*** Given information Section Begins ***

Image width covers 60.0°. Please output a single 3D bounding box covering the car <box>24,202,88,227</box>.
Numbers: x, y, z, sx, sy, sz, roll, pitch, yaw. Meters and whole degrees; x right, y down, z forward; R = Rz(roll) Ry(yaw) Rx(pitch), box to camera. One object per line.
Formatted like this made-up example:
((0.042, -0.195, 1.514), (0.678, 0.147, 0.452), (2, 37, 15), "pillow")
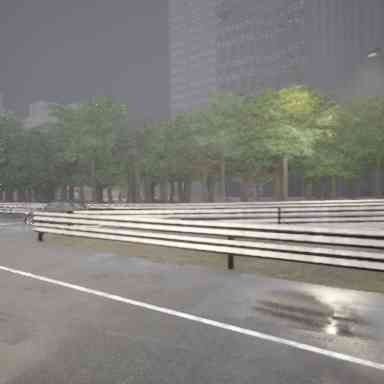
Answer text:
((-9.207, 1.447, 22.890), (4.553, 1.767, 2.097), (0, -1, 17), "car")
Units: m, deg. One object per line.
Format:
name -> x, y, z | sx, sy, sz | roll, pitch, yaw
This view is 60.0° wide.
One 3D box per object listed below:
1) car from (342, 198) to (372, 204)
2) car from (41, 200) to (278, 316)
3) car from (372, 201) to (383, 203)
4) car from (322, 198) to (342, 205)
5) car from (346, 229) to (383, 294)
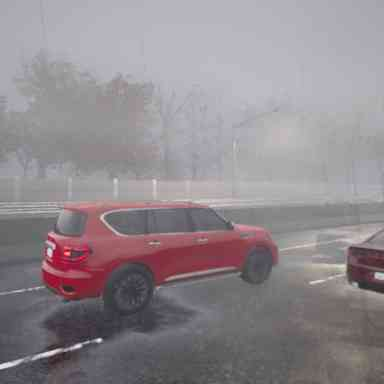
car -> 20.434, 1.425, 40.044 | 4.181, 1.385, 1.994 | 0, 0, -35
car -> -0.451, 1.207, 7.723 | 5.566, 2.045, 2.150 | 0, 0, -35
car -> 22.701, 1.366, 37.360 | 4.892, 1.490, 1.837 | 0, 0, -35
car -> 18.738, 1.424, 43.130 | 4.181, 1.385, 1.994 | 0, 0, -35
car -> 5.619, 1.445, 7.754 | 5.008, 1.535, 1.882 | 0, 0, -36
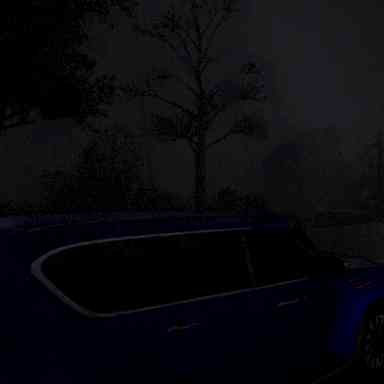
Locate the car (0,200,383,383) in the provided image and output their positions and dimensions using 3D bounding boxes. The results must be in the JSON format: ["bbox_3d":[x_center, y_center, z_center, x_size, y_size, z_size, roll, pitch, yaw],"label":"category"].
[{"bbox_3d":[0.200,1.221,3.844,5.566,2.045,2.150,0,0,-35],"label":"car"}]

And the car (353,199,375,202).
[{"bbox_3d":[19.798,1.517,37.754,1.812,1.442,4.674,0,0,-29],"label":"car"}]

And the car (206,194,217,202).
[{"bbox_3d":[4.744,1.368,69.238,2.150,2.045,5.566,0,-1,-23],"label":"car"}]
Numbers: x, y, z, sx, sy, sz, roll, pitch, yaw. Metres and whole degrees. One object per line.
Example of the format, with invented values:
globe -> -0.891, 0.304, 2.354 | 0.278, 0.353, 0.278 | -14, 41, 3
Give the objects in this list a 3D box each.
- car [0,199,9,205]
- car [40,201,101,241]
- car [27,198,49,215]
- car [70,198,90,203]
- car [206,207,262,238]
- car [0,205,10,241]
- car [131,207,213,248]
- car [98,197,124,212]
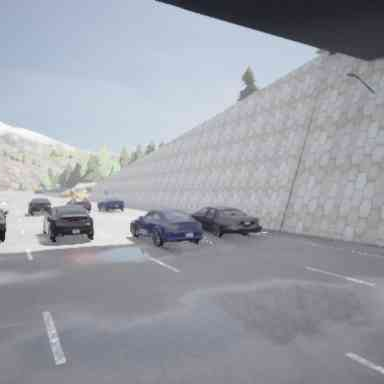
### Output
car -> -17.891, 1.349, 30.531 | 1.812, 1.442, 4.674 | 0, 0, -29
car -> -6.056, 1.413, 16.166 | 1.837, 1.490, 4.892 | 0, 0, -29
car -> -14.389, 1.325, 31.445 | 1.837, 1.490, 4.892 | 0, 0, -29
car -> -11.239, 1.308, 32.977 | 2.128, 1.511, 4.902 | 0, 0, -28
car -> 1.305, 1.461, 17.291 | 2.033, 1.411, 5.357 | 0, 0, -29
car -> -9.717, 1.509, 15.570 | 1.895, 1.301, 4.718 | 0, 0, -29
car -> -1.208, 1.450, 14.560 | 1.812, 1.442, 4.674 | 0, 0, -29
car -> -8.788, 1.286, 35.796 | 1.882, 1.535, 5.008 | 0, 0, -29
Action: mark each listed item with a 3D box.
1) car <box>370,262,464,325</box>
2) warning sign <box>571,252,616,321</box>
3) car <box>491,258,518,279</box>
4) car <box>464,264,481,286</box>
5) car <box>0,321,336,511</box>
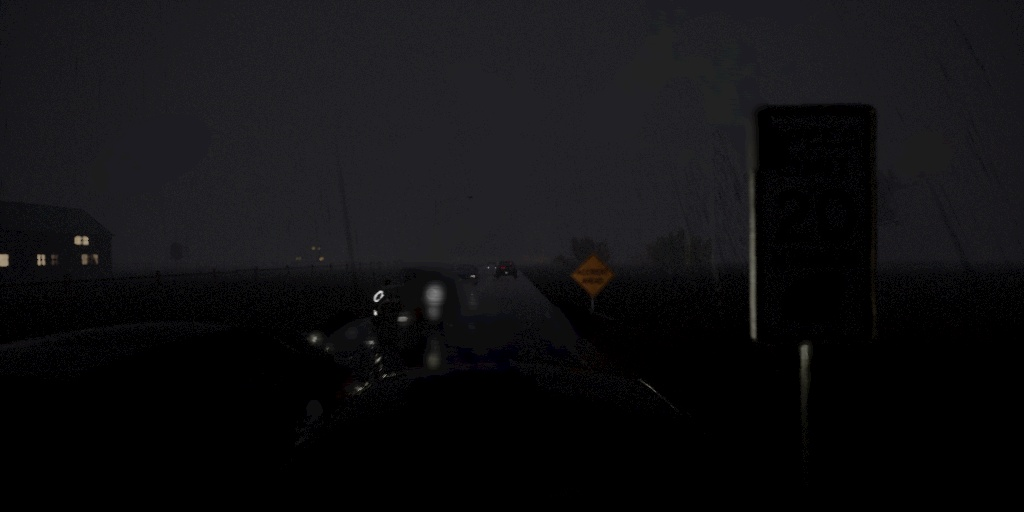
[{"bbox_3d":[-3.011,1.124,12.010,2.097,1.767,4.553,-1,0,-1],"label":"car"},{"bbox_3d":[2.329,0.827,10.261,1.300,1.860,1.060,0,0,-1],"label":"warning sign"},{"bbox_3d":[-0.490,1.211,32.528,2.128,1.511,4.902,-1,0,-1],"label":"car"},{"bbox_3d":[-3.236,1.285,25.081,1.812,1.442,4.674,-1,0,-2],"label":"car"},{"bbox_3d":[-2.830,1.287,2.056,1.837,1.490,4.892,-1,0,-1],"label":"car"}]
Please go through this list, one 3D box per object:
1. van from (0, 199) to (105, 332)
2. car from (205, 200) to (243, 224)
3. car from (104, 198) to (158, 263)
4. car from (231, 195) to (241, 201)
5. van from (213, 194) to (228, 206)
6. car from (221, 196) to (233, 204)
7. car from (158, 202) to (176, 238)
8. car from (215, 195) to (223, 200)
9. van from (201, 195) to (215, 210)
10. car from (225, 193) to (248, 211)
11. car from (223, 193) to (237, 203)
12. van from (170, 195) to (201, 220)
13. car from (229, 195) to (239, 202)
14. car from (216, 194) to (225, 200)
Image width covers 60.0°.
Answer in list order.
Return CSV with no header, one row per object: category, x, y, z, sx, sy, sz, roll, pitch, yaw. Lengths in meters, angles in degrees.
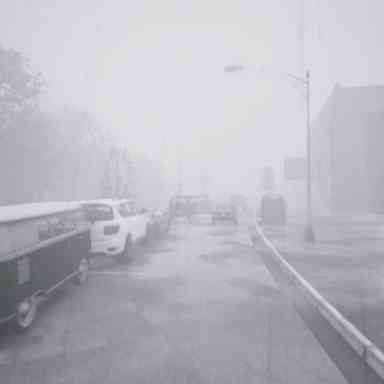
van,-3.454,1.259,6.865,1.878,1.987,4.442,-1,1,2
car,2.521,1.584,24.968,2.033,1.411,5.357,0,0,9
car,-3.024,1.250,12.351,2.435,2.045,5.566,-1,1,3
car,11.657,1.617,88.543,2.097,1.535,5.008,0,0,14
van,4.857,1.357,56.100,1.878,1.987,4.442,0,0,14
car,7.105,1.630,66.838,2.002,1.452,4.674,0,0,12
car,-2.392,1.555,17.877,2.002,1.452,4.674,-1,1,7
car,2.554,1.581,45.143,2.163,1.488,4.792,-1,1,10
van,1.219,1.320,38.769,1.878,1.987,4.442,-1,1,9
car,5.885,1.275,42.653,2.150,2.045,5.566,0,0,12
car,8.488,1.359,73.440,2.435,2.045,5.566,0,0,12
van,-0.674,1.308,28.999,1.878,1.987,4.442,-1,1,10
car,10.519,1.594,83.113,2.097,1.535,5.008,0,0,14
car,3.686,1.556,50.537,2.231,1.521,4.892,-1,1,10
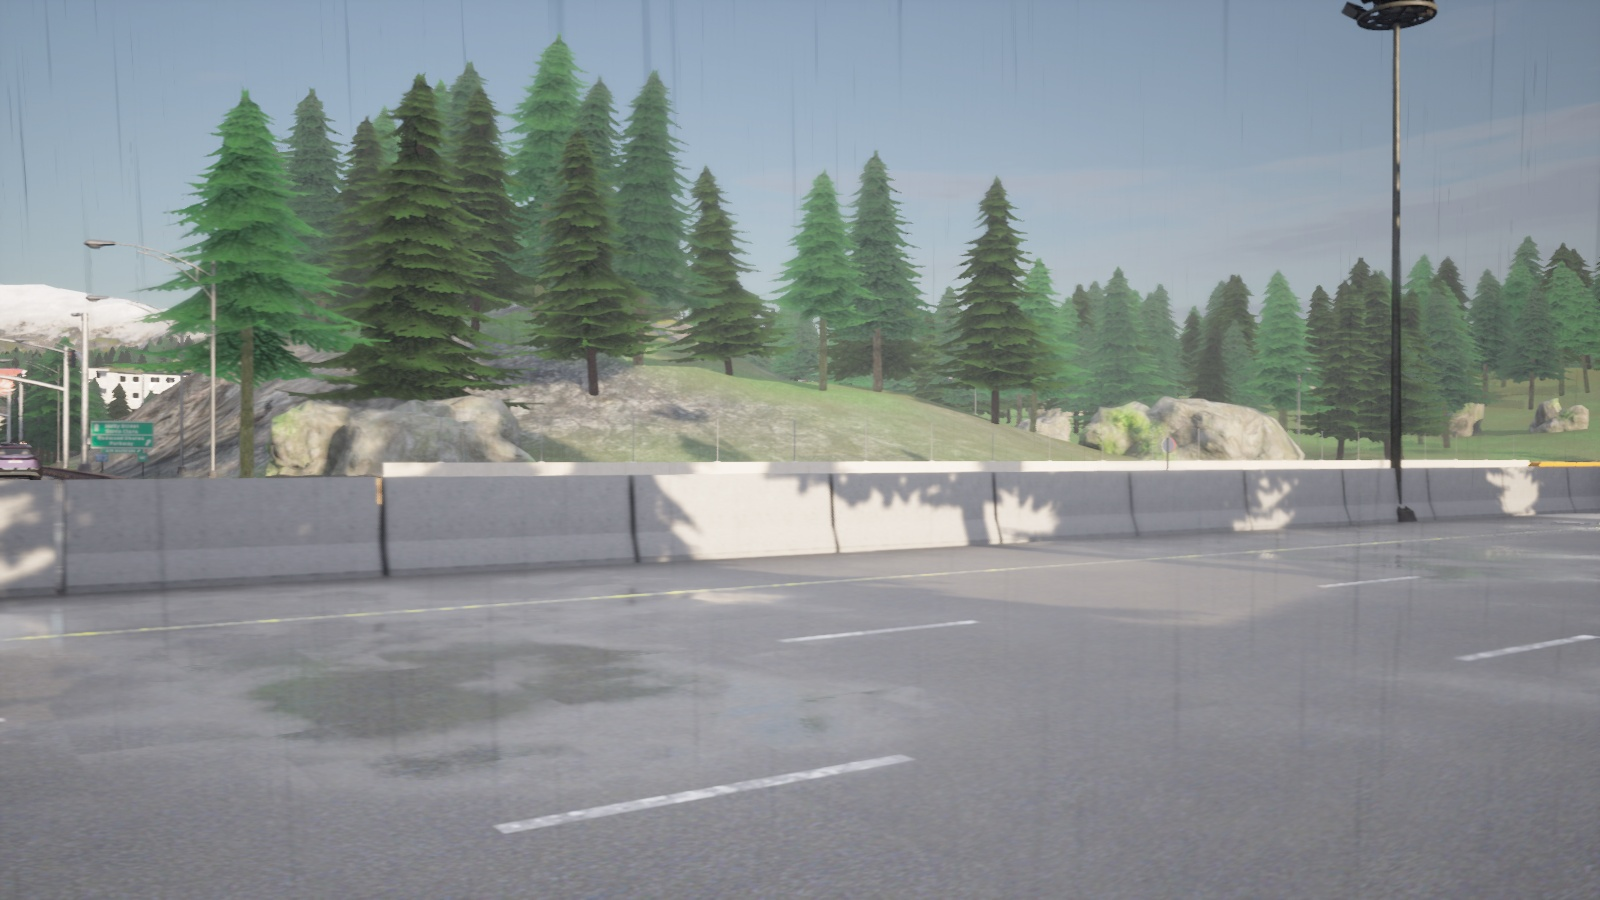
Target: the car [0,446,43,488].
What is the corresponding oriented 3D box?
[{"bbox_3d":[-32.339,0.674,51.433,2.033,1.649,4.856,0,0,-34],"label":"car"}]
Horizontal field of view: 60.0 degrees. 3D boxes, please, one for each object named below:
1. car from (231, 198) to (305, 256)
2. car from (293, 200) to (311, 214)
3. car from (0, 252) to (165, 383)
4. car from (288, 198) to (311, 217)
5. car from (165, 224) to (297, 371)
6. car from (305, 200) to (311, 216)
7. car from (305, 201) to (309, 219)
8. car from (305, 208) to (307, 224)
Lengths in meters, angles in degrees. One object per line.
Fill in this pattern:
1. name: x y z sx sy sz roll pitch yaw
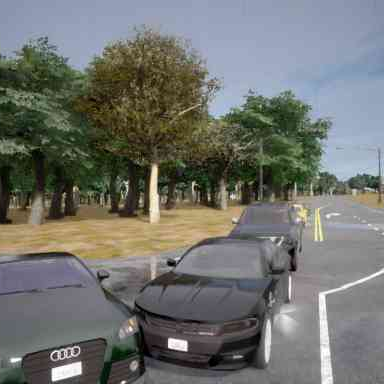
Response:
1. car: 2.862 1.460 12.396 2.150 2.045 5.566 -2 0 21
2. car: 13.328 1.748 40.141 1.812 1.442 4.674 -1 0 21
3. car: -2.306 1.643 4.960 1.994 1.385 4.181 1 -2 -33
4. car: 11.331 1.563 34.931 2.097 1.767 4.553 -1 0 21
5. car: 0.740 1.613 6.256 1.882 1.535 5.008 -1 -2 21
6. car: 9.302 1.725 29.557 1.812 1.442 4.674 -1 0 21
7. car: 7.241 1.664 24.053 1.882 1.535 5.008 -1 0 21
8. car: 5.091 1.775 18.300 1.895 1.301 4.718 -1 0 21
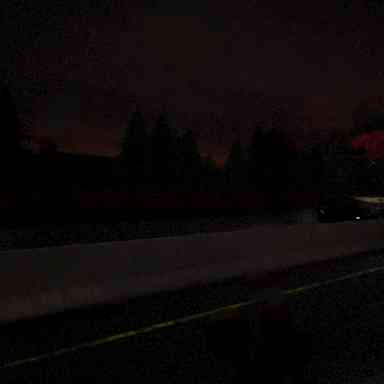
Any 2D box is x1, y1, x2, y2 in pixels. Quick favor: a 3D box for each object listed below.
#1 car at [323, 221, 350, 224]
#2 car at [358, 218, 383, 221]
[{"bbox_3d":[9.970,1.363,24.042,5.566,2.045,2.150,0,0,-37],"label":"car"},{"bbox_3d":[12.631,1.748,21.701,4.718,1.301,1.895,0,0,-37],"label":"car"}]
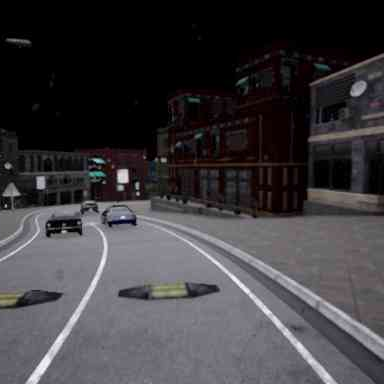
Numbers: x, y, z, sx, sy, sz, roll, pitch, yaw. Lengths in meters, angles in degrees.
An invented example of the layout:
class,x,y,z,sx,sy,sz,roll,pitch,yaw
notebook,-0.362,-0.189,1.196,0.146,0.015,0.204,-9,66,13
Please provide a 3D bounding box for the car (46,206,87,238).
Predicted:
class,x,y,z,sx,sy,sz,roll,pitch,yaw
car,-7.237,1.747,19.071,1.895,1.301,4.718,-2,0,-19

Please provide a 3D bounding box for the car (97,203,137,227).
class,x,y,z,sx,sy,sz,roll,pitch,yaw
car,-5.243,1.620,23.440,1.994,1.385,4.181,-2,0,-22

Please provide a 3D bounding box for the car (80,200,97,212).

*** Given information Section Ends ***

What to print is the stretch of entries from the line with "4) car from (322, 198) to (342, 205)" up to and including the line with "Give the objects in this list a 3D box each.". Please print it exactly and leave out the pictures.

Answer to the exercise
4) car from (322, 198) to (342, 205)
5) car from (346, 229) to (383, 294)
car -> 20.434, 1.425, 40.044 | 4.181, 1.385, 1.994 | 0, 0, -35
car -> -0.451, 1.207, 7.723 | 5.566, 2.045, 2.150 | 0, 0, -35
car -> 22.701, 1.366, 37.360 | 4.892, 1.490, 1.837 | 0, 0, -35
car -> 18.738, 1.424, 43.130 | 4.181, 1.385, 1.994 | 0, 0, -35
car -> 5.619, 1.445, 7.754 | 5.008, 1.535, 1.882 | 0, 0, -36
Locate the car (0,200,383,383) in the provided image and output their positions and dimensions using 3D bounding boxes. The results must be in the JSON format: ["bbox_3d":[x_center, y_center, z_center, x_size, y_size, z_size, roll, pitch, yaw],"label":"category"].
[{"bbox_3d":[0.200,1.221,3.844,5.566,2.045,2.150,0,0,-35],"label":"car"}]

And the car (353,199,375,202).
[{"bbox_3d":[19.798,1.517,37.754,1.812,1.442,4.674,0,0,-29],"label":"car"}]

And the car (206,194,217,202).
[{"bbox_3d":[4.744,1.368,69.238,2.150,2.045,5.566,0,-1,-23],"label":"car"}]
Numbers: x, y, z, sx, sy, sz, roll, pitch, yaw. Metres and whole degrees. One object per line.
Example of the format, with invented values:
globe -> -0.891, 0.304, 2.354 | 0.278, 0.353, 0.278 | -14, 41, 3
Give the objects in this list a 3D box each.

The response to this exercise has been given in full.